The point is not however quite true

The UK has cancelled the reciprocal agreement which covered everything as though you were at home, no we are not in the EU, but our health service will provide emergency care, but not follow up, as will yours to us, which is EHIC equivalent in effect

But better take health and travel e insurance, air ambulance in emergency is not cheap

Best site probably Peel, but Grandstand site Douglas may be open. I will post a link

There are lots of places for wild camping and I can do an itinerary for you if needs be. I am sure there will be an IOM motor caravan club meet whilst you are here, why not enquire

Finally it will be the Manx Amateur Drama Federation festival of plays at the Gaiety Theater which is the best preserved of all Matchams theatres in the british isales

http://www.gov.im/tourism/travel/accommodation/results.aspx?type=19&frommenu=true


----------



## jimmyd0g (Oct 22, 2009)

thieawin, I've just had a look at what seems to be the Peel site you've mentioned &, unless I'm looking at the wrong site, it seems the place may not be open until mid-April. Our ferry crossing is on the 29th March.
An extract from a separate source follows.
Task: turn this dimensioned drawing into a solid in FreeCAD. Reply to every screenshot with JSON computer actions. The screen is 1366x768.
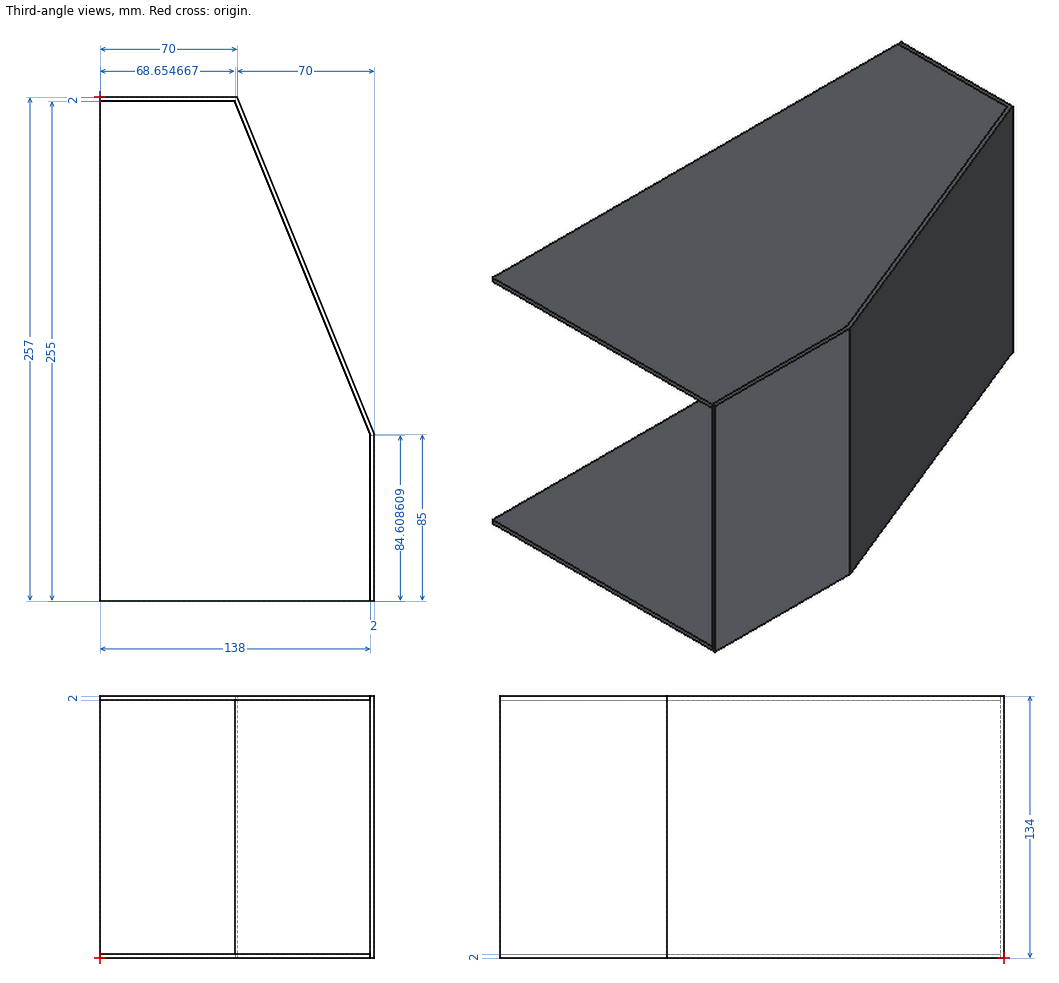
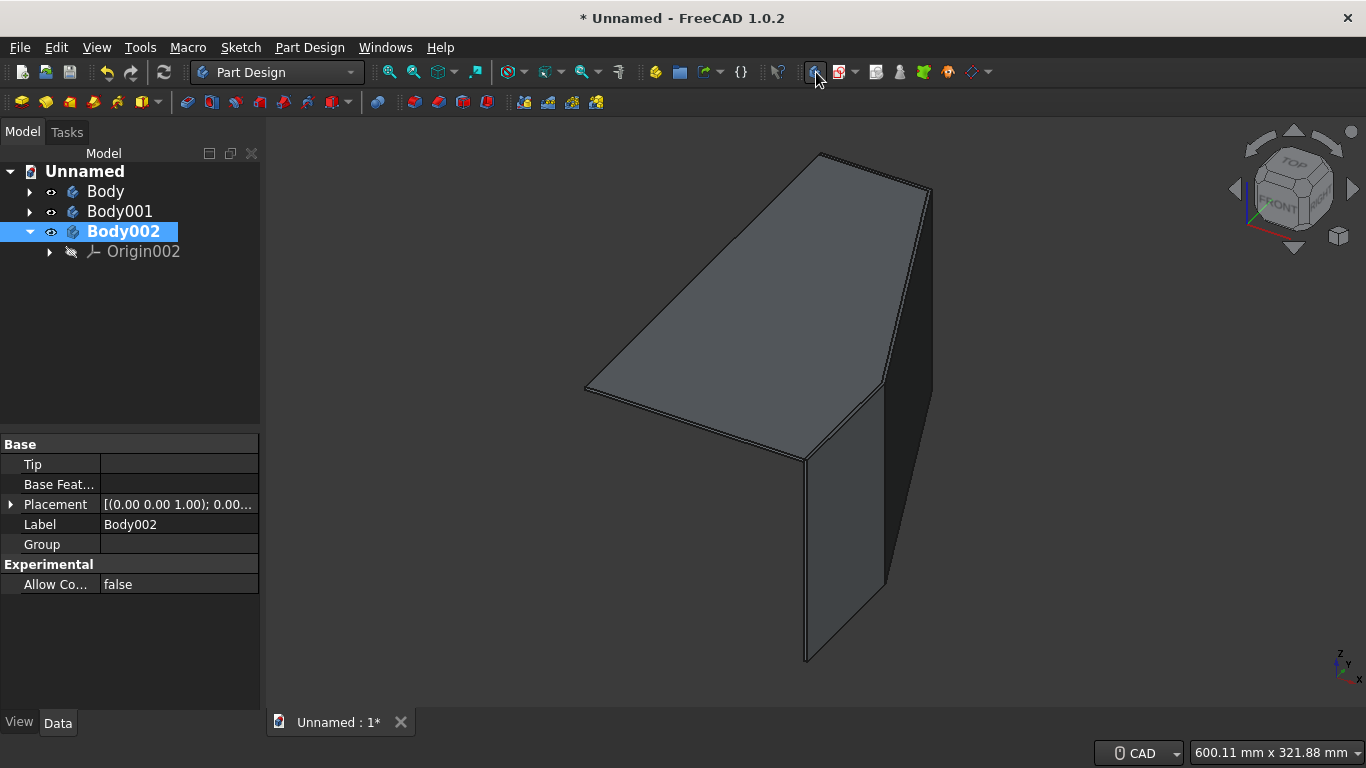
{"action": "left_click", "coordinate": [306, 667]}

Is the info I've been reading incorrect or are you referring to a different site in the Peel area?


----------



## pneumatician (May 1, 2005)

*TT*

Cancel and go the first week in June absoluteley fantastic its TT week :wink: But you will probably have ajob getting a boat or pitch.

Steve


----------



## Bill_Posters (May 28, 2007)

Cronk Dhoo Campsite

They are open from 1st March.

thieawin knows what he is talking about


----------



## thieawin (Jun 7, 2006)

Peel Municipal campsite does not open until 01 April, sorry

Next best bet is Glen Wyllin 3 miles north abnd close to the Mitre pub

Ring the Kirk Micheal Commissionmers, ie local authority in UK parlance, tomorrow. re dates

Glendhoo is on a hill and not reccomended to motorhomers


----------